Karlie, you know how much you mean to me. I have told you many times what a blessing you have always been. You were the first member of our family to share my extremely open and expressive personality traits. And I loved it every time your parents would say, "She is so much like you." It's been fun having you "get me" the way you do and relate to me on so many levels. We have our differences too. But our temperament and transparency, our tendency to say whatever is on our mind, along with our "edge" and our love for food, are all fun things to have in common.


It's been a privilege to be your aunt and honorary second mom. I could only be that with your mom's 100% support. I'll never forget how good it made me feel the first time your #1 mom referred to me that way to someone. I will be forever grateful to her for sharing you (and your sisters) with me. She has always valued my role in your life and has never treated me like a rival or a perceived threat. She has always trusted me. She has never withheld you from me. She doesn't just call me your second mom. She honors me by being the one to give me that place in your life as your actual mother. It has assured me that she has always known how much I love and adore you and that she knows you are safe with me. One day, when you and Lexi have kids and Lexi makes you feel that same trust and appreciation as an aunt, you will know in a fuller way just how good that feels.


I'm so proud of the woman you've grown into. I've been proud of you at every stage of your life. And when I see the beauty of your heart, I remember our many conversations about how important it is to be pretty on the inside.

Thanks for enduring the occasional lecture about showing respect for your mom with your words and tone of voice (hehe). Thanks for loving me and accepting me as I am. Thanks for investing time in our relationship even as you've gotten older and busier. And thanks for consistently showing me that you value our relationship. That means more to me than I could ever express in words. I could not love you more if I had given birth to you myself.
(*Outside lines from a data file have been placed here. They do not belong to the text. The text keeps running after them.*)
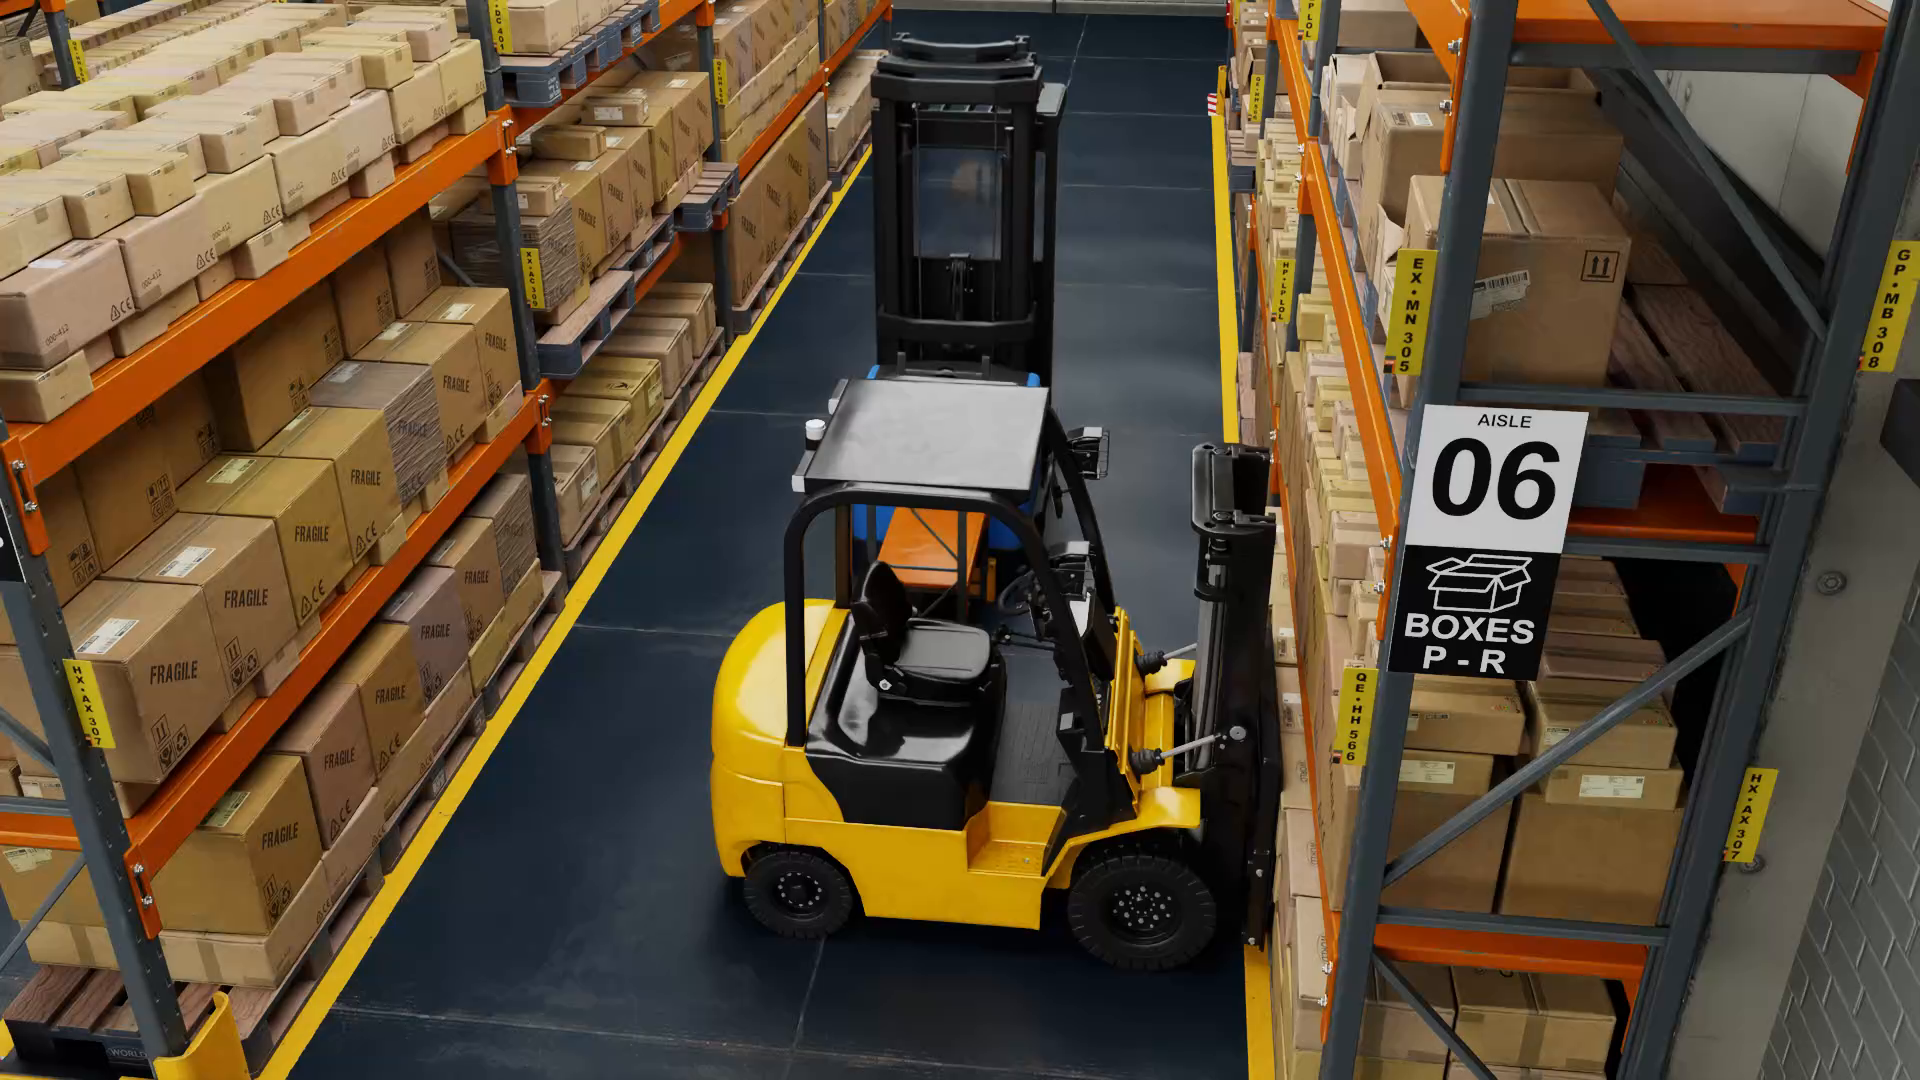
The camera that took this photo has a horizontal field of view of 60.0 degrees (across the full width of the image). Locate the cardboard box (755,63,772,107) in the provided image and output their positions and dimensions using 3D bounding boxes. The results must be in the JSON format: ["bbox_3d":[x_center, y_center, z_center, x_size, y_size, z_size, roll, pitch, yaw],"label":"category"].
[{"bbox_3d":[-1.848,-3.756,13.690,0.500,0.250,0.500,3,28,6],"label":"cardboard box"}]

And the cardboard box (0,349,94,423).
[{"bbox_3d":[-2.910,-0.482,5.084,0.380,0.149,0.250,3,28,6],"label":"cardboard box"}]

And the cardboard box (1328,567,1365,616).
[{"bbox_3d":[1.540,0.158,6.005,0.380,0.149,0.250,2,28,5],"label":"cardboard box"}]

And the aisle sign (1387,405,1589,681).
[{"bbox_3d":[1.354,0.021,4.307,0.394,0.787,0.004,3,28,6],"label":"aisle sign"}]

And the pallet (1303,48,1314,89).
[{"bbox_3d":[2.239,-2.383,8.550,0.805,0.209,1.217,2,28,4],"label":"pallet"}]

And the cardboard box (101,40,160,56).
[{"bbox_3d":[-6.871,-4.049,13.799,0.380,0.149,0.250,2,28,4],"label":"cardboard box"}]

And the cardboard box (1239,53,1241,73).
[{"bbox_3d":[2.573,-3.991,14.194,0.396,0.266,0.258,5,29,9],"label":"cardboard box"}]

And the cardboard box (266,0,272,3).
[{"bbox_3d":[-6.615,-5.033,15.624,0.380,0.149,0.250,3,28,5],"label":"cardboard box"}]

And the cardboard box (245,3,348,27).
[{"bbox_3d":[-3.145,-2.449,7.895,0.380,0.149,0.250,3,28,5],"label":"cardboard box"}]

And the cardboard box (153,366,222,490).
[{"bbox_3d":[-3.397,-0.487,6.518,0.700,0.500,0.500,3,28,6],"label":"cardboard box"}]

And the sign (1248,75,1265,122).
[{"bbox_3d":[2.094,-3.116,11.733,0.100,0.325,0.005,3,28,6],"label":"sign"}]

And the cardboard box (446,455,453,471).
[{"bbox_3d":[-2.697,-0.386,8.068,0.380,0.149,0.250,3,28,5],"label":"cardboard box"}]

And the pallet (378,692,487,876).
[{"bbox_3d":[-2.977,1.104,7.978,1.003,0.211,1.213,3,28,6],"label":"pallet"}]

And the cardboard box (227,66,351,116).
[{"bbox_3d":[-2.697,-1.802,6.694,0.380,0.149,0.250,4,29,7],"label":"cardboard box"}]

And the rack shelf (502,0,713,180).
[{"bbox_3d":[-2.538,-2.963,10.183,1.077,0.370,4.000,3,28,6],"label":"rack shelf"}]

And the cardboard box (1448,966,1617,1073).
[{"bbox_3d":[1.900,1.522,5.664,0.500,0.250,0.500,3,28,5],"label":"cardboard box"}]

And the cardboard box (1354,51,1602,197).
[{"bbox_3d":[1.800,-1.415,5.894,0.797,0.503,0.637,4,29,8],"label":"cardboard box"}]

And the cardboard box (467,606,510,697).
[{"bbox_3d":[-2.644,0.553,8.517,0.500,0.250,0.500,3,28,5],"label":"cardboard box"}]

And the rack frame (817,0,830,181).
[{"bbox_3d":[-1.803,-4.783,15.966,1.000,3.000,0.127,3,28,6],"label":"rack frame"}]

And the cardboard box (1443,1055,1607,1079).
[{"bbox_3d":[1.917,1.748,5.771,0.500,0.250,0.500,4,29,7],"label":"cardboard box"}]

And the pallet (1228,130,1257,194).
[{"bbox_3d":[2.647,-2.852,12.584,1.213,0.211,1.003,3,28,6],"label":"pallet"}]

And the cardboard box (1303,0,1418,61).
[{"bbox_3d":[1.991,-2.596,8.289,0.500,0.311,0.500,2,28,5],"label":"cardboard box"}]

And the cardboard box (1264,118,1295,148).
[{"bbox_3d":[2.303,-2.810,11.515,0.380,0.149,0.250,4,29,8],"label":"cardboard box"}]

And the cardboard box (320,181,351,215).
[{"bbox_3d":[-2.775,-1.460,6.901,0.380,0.149,0.250,4,29,7],"label":"cardboard box"}]

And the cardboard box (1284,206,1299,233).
[{"bbox_3d":[2.093,-1.837,9.708,0.380,0.149,0.250,4,29,7],"label":"cardboard box"}]

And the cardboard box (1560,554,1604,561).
[{"bbox_3d":[2.043,0.058,5.876,0.380,0.149,0.250,4,29,8],"label":"cardboard box"}]

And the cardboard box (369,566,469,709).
[{"bbox_3d":[-2.711,0.452,7.914,0.500,0.500,0.500,5,29,9],"label":"cardboard box"}]

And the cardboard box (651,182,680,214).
[{"bbox_3d":[-2.105,-2.307,11.191,0.380,0.149,0.250,4,29,7],"label":"cardboard box"}]

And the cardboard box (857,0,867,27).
[{"bbox_3d":[-1.289,-5.746,17.647,0.500,0.500,0.500,4,29,8],"label":"cardboard box"}]

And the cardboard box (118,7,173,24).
[{"bbox_3d":[-7.358,-4.711,15.026,0.380,0.149,0.250,3,28,6],"label":"cardboard box"}]

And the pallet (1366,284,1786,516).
[{"bbox_3d":[1.766,-0.461,4.874,1.003,0.211,1.213,3,28,6],"label":"pallet"}]

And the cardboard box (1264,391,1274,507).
[{"bbox_3d":[2.299,-0.481,10.042,0.875,0.625,0.625,3,28,6],"label":"cardboard box"}]

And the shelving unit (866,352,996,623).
[{"bbox_3d":[-0.151,-0.099,8.853,0.587,1.500,1.083,3,29,6],"label":"shelving unit"}]

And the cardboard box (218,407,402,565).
[{"bbox_3d":[-2.764,-0.240,7.114,0.500,0.500,0.500,3,28,5],"label":"cardboard box"}]

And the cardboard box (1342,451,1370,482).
[{"bbox_3d":[1.671,-0.212,6.377,0.380,0.149,0.250,4,29,7],"label":"cardboard box"}]

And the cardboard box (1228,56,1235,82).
[{"bbox_3d":[3.445,-5.183,18.897,0.797,0.503,0.637,2,28,4],"label":"cardboard box"}]

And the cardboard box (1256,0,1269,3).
[{"bbox_3d":[3.065,-5.286,16.744,0.500,0.250,0.500,3,28,6],"label":"cardboard box"}]

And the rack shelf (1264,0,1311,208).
[{"bbox_3d":[2.389,-2.676,9.651,1.077,0.370,4.000,3,28,6],"label":"rack shelf"}]

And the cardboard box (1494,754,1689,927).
[{"bbox_3d":[1.990,0.891,5.328,0.500,0.500,0.500,4,29,8],"label":"cardboard box"}]

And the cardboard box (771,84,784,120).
[{"bbox_3d":[-1.811,-3.772,14.247,0.500,0.250,0.500,3,28,6],"label":"cardboard box"}]

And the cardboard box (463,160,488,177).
[{"bbox_3d":[-2.879,-2.219,9.660,0.380,0.149,0.250,3,28,5],"label":"cardboard box"}]

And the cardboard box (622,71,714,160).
[{"bbox_3d":[-2.073,-3.030,11.850,0.500,0.500,0.500,3,28,5],"label":"cardboard box"}]

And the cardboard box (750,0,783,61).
[{"bbox_3d":[-1.795,-4.317,13.940,0.500,0.500,0.500,4,29,7],"label":"cardboard box"}]

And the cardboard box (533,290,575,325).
[{"bbox_3d":[-2.402,-1.334,9.385,0.380,0.149,0.250,4,29,7],"label":"cardboard box"}]

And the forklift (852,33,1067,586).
[{"bbox_3d":[0.058,-1.700,10.316,1.130,2.935,3.031,3,29,6],"label":"forklift"}]

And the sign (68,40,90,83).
[{"bbox_3d":[-6.667,-3.620,12.585,0.100,0.325,0.005,3,28,6],"label":"sign"}]

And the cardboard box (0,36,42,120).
[{"bbox_3d":[-7.283,-3.414,12.265,0.700,0.500,0.500,3,28,6],"label":"cardboard box"}]

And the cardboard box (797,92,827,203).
[{"bbox_3d":[-1.799,-3.736,15.820,0.875,0.875,0.875,4,29,8],"label":"cardboard box"}]

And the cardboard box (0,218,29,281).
[{"bbox_3d":[-3.027,-0.851,4.929,0.380,0.149,0.250,3,28,6],"label":"cardboard box"}]

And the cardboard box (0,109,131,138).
[{"bbox_3d":[-3.264,-1.465,6.069,0.380,0.149,0.250,3,28,5],"label":"cardboard box"}]

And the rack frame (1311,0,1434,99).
[{"bbox_3d":[2.144,-3.372,7.021,1.000,3.000,0.127,3,28,6],"label":"rack frame"}]

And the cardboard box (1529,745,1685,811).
[{"bbox_3d":[1.953,0.678,5.040,0.380,0.149,0.250,3,28,5],"label":"cardboard box"}]

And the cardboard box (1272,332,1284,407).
[{"bbox_3d":[1.946,-0.917,8.948,0.500,0.250,0.500,4,29,7],"label":"cardboard box"}]

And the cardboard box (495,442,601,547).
[{"bbox_3d":[-2.721,-0.293,9.958,0.950,0.372,0.625,4,29,7],"label":"cardboard box"}]

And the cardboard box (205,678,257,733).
[{"bbox_3d":[-2.896,0.588,6.260,0.380,0.149,0.250,2,28,5],"label":"cardboard box"}]

And I will always be here for you if and when you need me.

Hopefully I will age well and be a fun little old lady right up to the end of my life! That's the goal. But none of us has complete control over our health challenges or how we might change cognitively in old age. That's why the memories we've made and the ones we are in the process of making are so precious and important. I treasure you, Karlie. And from the day you were born, my desire was to pour into you and make sure you always felt loved by and special to your Aunt Shari...

Congratulations on finding your true love!



Cheers!


&



           ...I love you!


Comments

Anonymous said…
Thats great news you must be really excited , , how is john doing ?
stewie (steve)
worcester
uk
Shari said…
Hi Steve! John is doing well! He got the dreaded flu that was going around this year and the cough has been tough to completely overcome. But his CLL is in a good remission with venetoclax. Ten years now since initial diagnosis and very healthy by the grace of God and these new drugs! Hope you are doing well!